Fit for Nothing

Saturday 18/5/13 – fit for nothing

By 1pm the nerve pain is so heightened it takes my everything to force my body out to take Daithí for a walk. On returning home and irrigated my non-functioning bowel and crash on the sofa.

Pain so intensely burning and issuing the right side of my body with repetitive electric shocks I am unable to fall asleep even though my body longs for sleep and my mind is in agreement, desperate to be free of this curs’id pain. I am in such turmoil that I want to rip my right side clean off and purge me of the dreadful pain. I wonder if I had the left side of my brain cut away would it make the pain cease as in the end it is the brain that registers the pain?

I have so much to do with the exhibition only a few weeks away and I need to critique the 6 reports from Hyde Martlet and return my feedback by Sunday night, as I will be at the enterprise training Monday. But no amount of will-power or self motivation can force my body into action. I may just face it – the right side of my body it temporarily paralysed by the nerve pain and each time I try to get up from lying down nothing happens – I am stuck here for what feels like eternity and I don’t know when it will end as it is not that I can pop some painkillers and wait for their action to kick in.
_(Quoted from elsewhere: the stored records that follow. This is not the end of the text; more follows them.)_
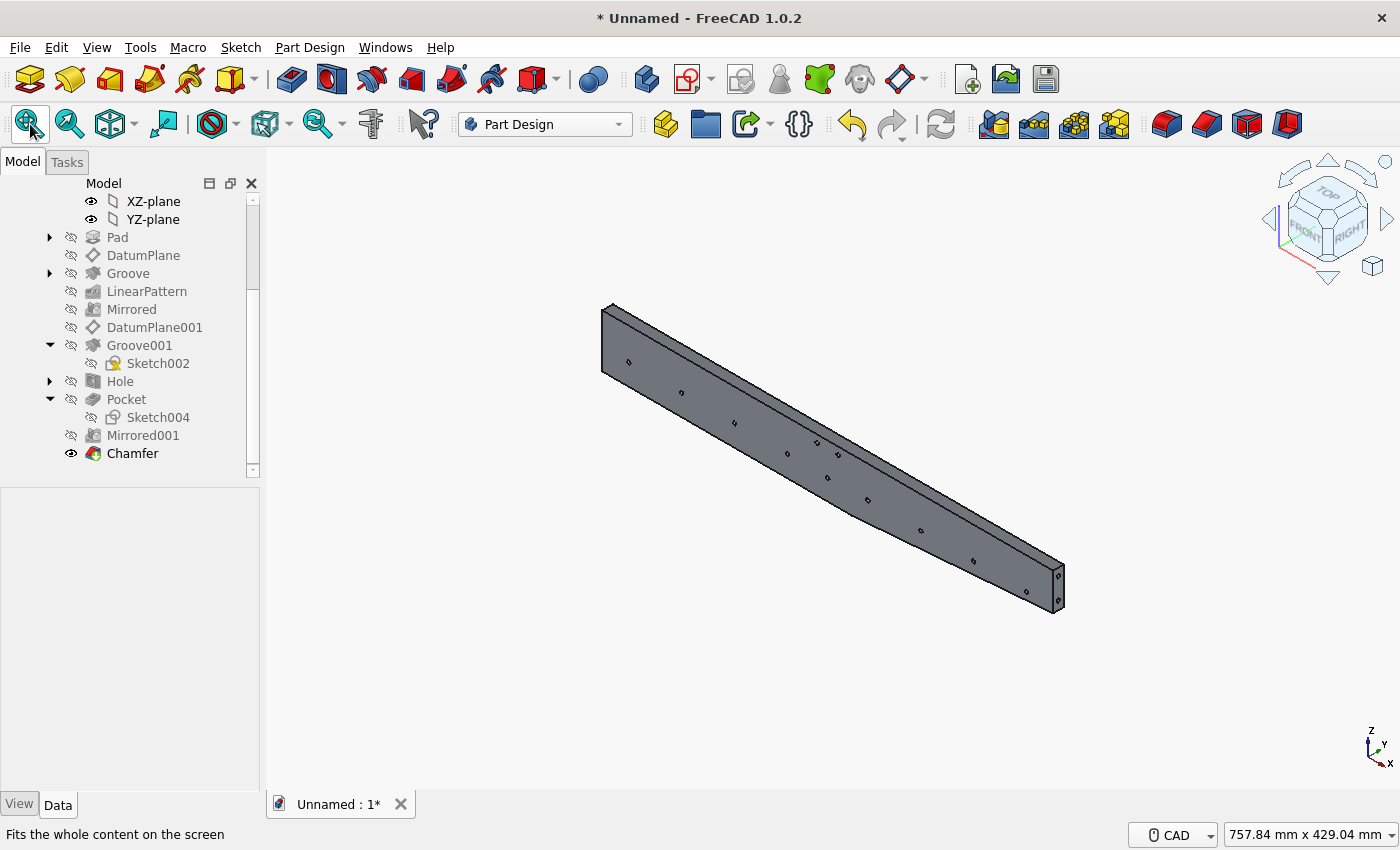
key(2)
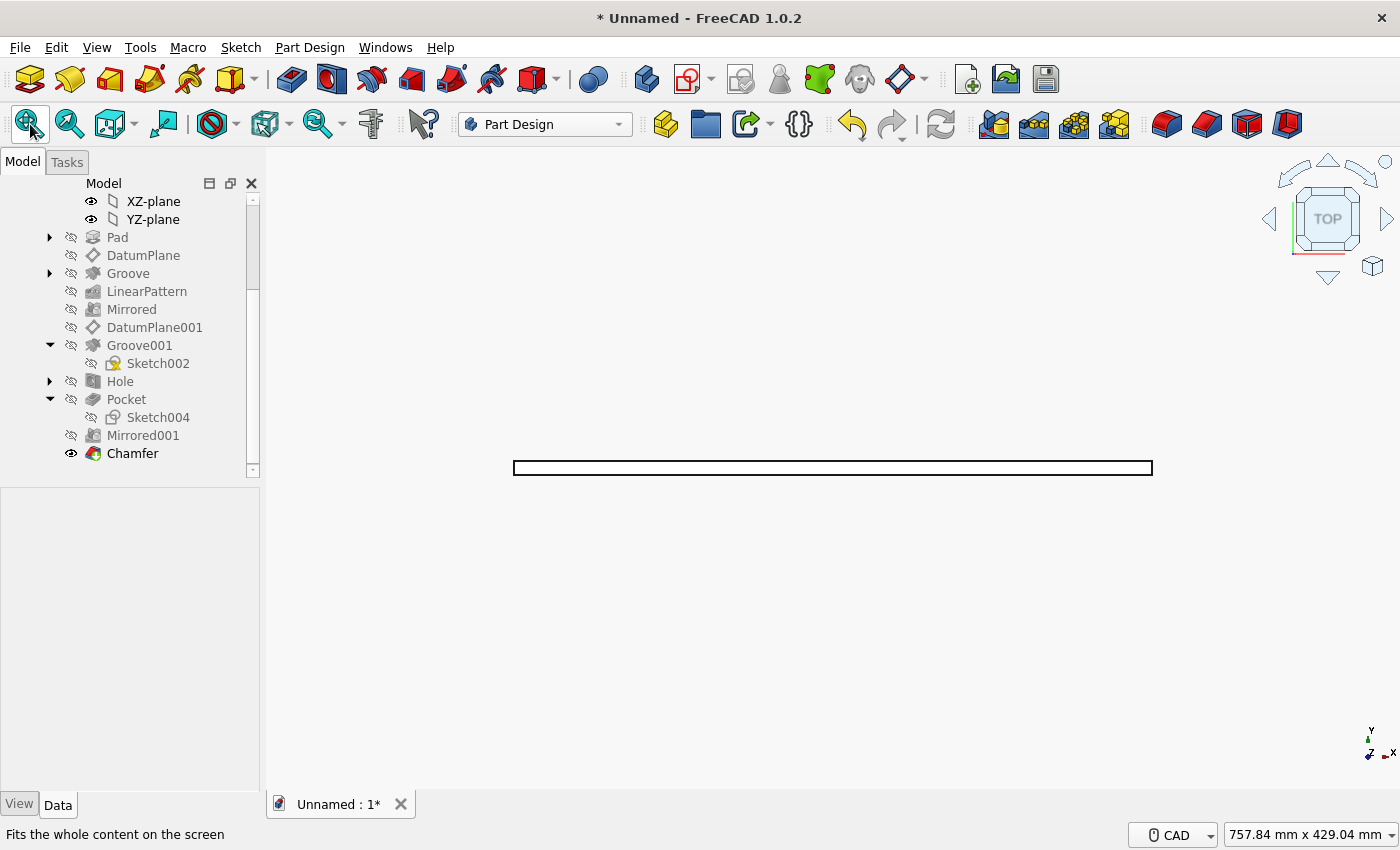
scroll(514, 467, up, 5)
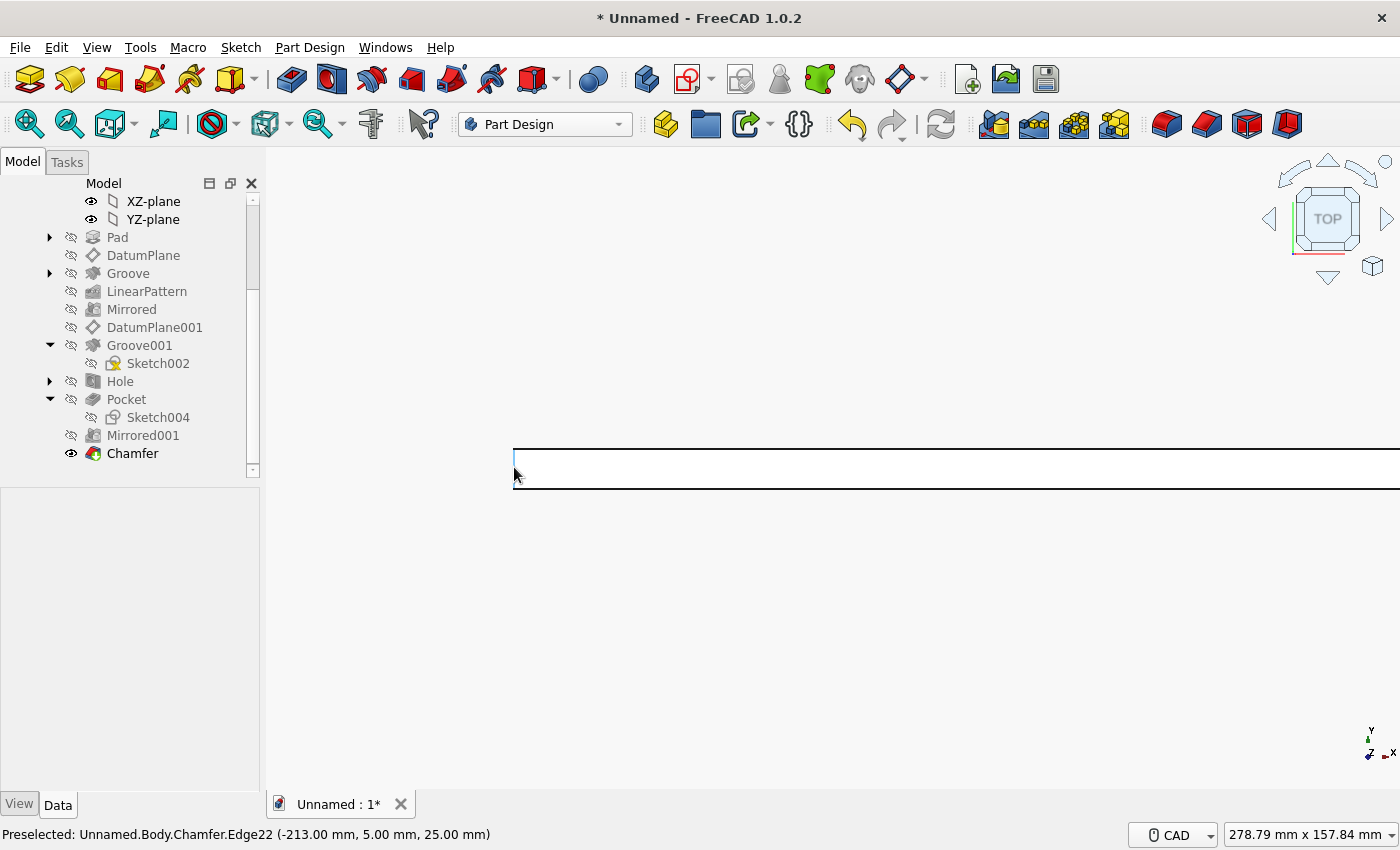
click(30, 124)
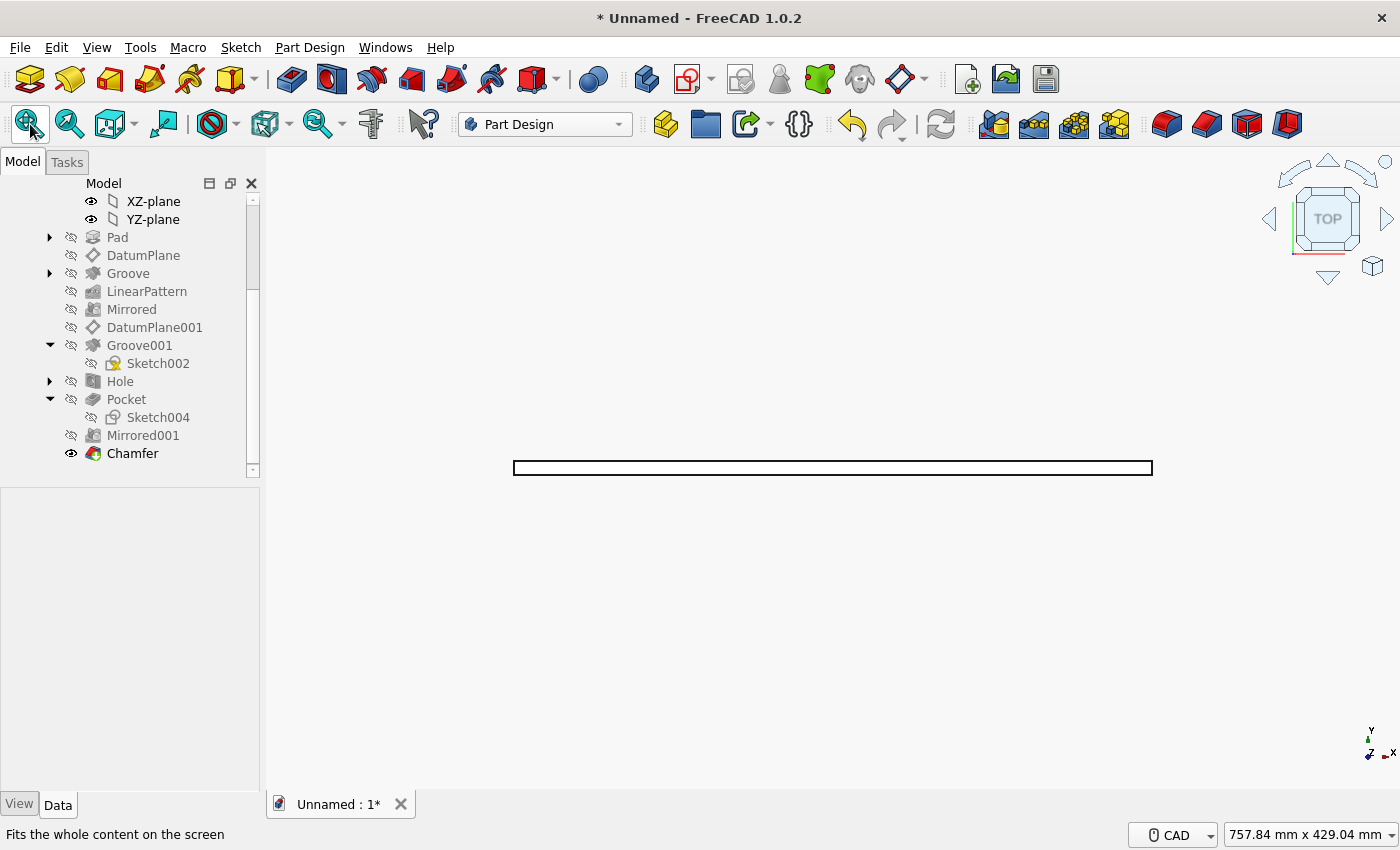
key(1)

No I might as well take smarties as painkillers – at least I would enjoy the taste!

Is it not punishment enough to feel as though you are sitting on live wire being electrically shocked every waking moment, while also contending with a severely disfunctioning gut that every time food enters it goes into a frenzy of spasms that feel as though someone is inside you ringing out your gut like a dish cloth, along with reflux, heartburn and nausea meaning forcing down food when your gut is rebelling and telling you it wants to throw up but knowing you must ignore the severe nausea and gut spasming reaction to food or else you will wither away and die, without being punished further by this government for not being well enough to work by cutting a quarter of your annual tax benefit that you must find from your measly incapacity benefit and Disability Living Allowance, supposedly to fund the extra cost of living with chronic ill-health and impairment when in reality you must give it all to the council towards your care support and this is before the extra cost of having to consume a free-from diet which is significantly more expensive to normal food. For example a 400g of gluten-free bread is on average of £2.99 while you can get a loaf made from wheat that’s twice that size for as little as £1.